• [Records from a data source]:
▶
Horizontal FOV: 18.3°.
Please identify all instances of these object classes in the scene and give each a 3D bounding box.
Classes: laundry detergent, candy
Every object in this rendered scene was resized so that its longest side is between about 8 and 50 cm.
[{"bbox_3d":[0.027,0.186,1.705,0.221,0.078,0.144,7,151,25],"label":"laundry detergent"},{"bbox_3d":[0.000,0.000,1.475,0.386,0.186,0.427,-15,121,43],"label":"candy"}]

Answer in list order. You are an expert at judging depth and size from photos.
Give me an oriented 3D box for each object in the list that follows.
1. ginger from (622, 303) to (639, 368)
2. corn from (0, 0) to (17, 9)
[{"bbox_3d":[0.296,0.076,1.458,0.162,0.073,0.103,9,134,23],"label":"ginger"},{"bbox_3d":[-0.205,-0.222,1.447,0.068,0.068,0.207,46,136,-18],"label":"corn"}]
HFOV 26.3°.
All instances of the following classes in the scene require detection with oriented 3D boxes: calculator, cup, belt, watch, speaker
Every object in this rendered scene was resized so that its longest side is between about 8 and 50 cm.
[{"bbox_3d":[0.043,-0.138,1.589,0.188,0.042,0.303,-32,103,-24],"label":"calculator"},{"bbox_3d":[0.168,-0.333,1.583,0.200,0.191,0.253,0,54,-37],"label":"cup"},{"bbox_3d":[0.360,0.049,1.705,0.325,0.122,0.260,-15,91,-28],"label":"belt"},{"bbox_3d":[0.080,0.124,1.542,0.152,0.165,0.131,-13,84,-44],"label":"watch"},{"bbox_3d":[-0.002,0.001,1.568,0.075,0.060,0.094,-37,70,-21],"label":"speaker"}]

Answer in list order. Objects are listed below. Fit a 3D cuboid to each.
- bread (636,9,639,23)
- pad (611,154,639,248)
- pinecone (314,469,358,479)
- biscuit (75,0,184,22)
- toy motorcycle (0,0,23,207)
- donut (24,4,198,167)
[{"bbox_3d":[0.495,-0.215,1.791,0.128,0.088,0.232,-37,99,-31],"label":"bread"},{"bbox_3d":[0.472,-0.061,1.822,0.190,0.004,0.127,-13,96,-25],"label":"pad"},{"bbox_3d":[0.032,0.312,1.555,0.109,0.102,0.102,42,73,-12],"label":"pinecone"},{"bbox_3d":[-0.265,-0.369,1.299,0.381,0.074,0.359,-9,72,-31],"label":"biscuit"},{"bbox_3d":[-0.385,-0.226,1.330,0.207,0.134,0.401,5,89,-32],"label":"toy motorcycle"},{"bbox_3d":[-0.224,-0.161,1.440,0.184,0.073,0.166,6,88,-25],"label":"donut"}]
◀
▶
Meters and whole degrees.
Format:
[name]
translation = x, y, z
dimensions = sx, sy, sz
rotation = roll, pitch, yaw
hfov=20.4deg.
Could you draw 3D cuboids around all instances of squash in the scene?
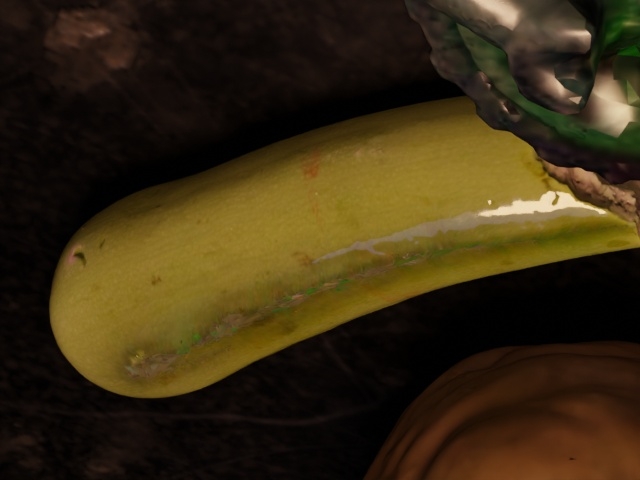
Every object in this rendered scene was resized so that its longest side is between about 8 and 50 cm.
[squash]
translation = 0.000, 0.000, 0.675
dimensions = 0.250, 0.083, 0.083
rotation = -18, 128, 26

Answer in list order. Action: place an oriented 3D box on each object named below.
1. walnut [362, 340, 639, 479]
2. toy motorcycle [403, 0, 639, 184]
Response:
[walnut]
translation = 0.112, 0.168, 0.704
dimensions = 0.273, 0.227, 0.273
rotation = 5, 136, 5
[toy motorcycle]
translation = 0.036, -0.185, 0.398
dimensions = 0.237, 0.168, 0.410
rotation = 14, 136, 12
◀
▶
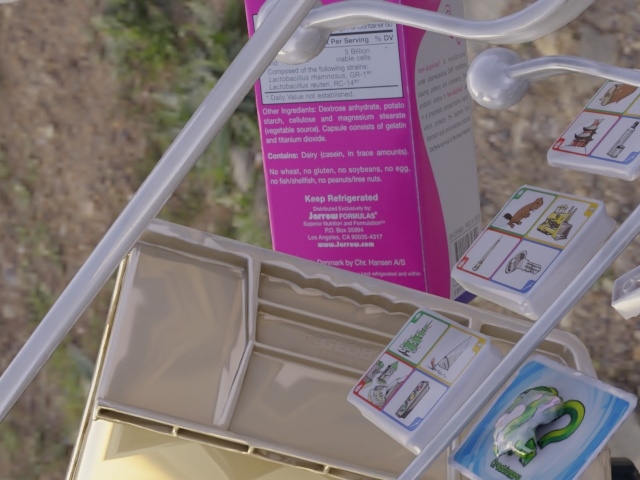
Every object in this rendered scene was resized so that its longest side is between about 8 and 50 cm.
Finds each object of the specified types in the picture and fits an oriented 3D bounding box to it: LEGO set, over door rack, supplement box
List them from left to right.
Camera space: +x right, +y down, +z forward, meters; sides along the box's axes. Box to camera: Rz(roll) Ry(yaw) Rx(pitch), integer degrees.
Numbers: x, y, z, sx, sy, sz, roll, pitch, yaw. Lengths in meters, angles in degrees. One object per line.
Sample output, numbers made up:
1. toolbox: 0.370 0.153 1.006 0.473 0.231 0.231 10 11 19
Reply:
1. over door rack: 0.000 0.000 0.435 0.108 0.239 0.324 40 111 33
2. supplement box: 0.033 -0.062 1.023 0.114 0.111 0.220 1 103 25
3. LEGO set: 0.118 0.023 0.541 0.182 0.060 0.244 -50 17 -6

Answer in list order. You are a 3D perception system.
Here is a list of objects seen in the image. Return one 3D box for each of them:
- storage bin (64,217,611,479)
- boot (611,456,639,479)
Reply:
◀
• [Task to complete]:
Taking the entries above, write out exactly each line from the one holding "Sample output, numbers" to the one holding "Answer in list order. You are a 3D", both included, and stop there.

• [Written solution]:
Sample output, numbers made up:
1. toolbox: 0.370 0.153 1.006 0.473 0.231 0.231 10 11 19
Reply:
1. over door rack: 0.000 0.000 0.435 0.108 0.239 0.324 40 111 33
2. supplement box: 0.033 -0.062 1.023 0.114 0.111 0.220 1 103 25
3. LEGO set: 0.118 0.023 0.541 0.182 0.060 0.244 -50 17 -6

Answer in list order. You are a 3D perception system.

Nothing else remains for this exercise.